Required action: When you copy the data that follows, reproduce every word exactly and leave out the images.

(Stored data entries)
-*-*-

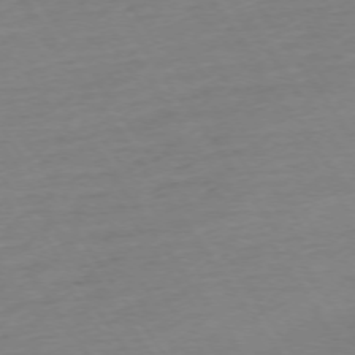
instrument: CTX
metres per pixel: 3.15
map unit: Ap
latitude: -74.1417
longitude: -80.9892
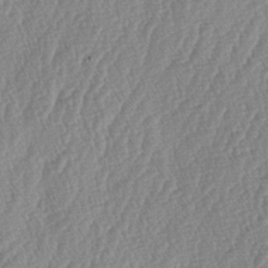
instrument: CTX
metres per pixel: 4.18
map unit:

-*-*-

Response:
instrument: CTX
metres per pixel: 3.15
map unit: Ap
latitude: -74.1417
longitude: -80.9892
instrument: CTX
metres per pixel: 4.18
map unit:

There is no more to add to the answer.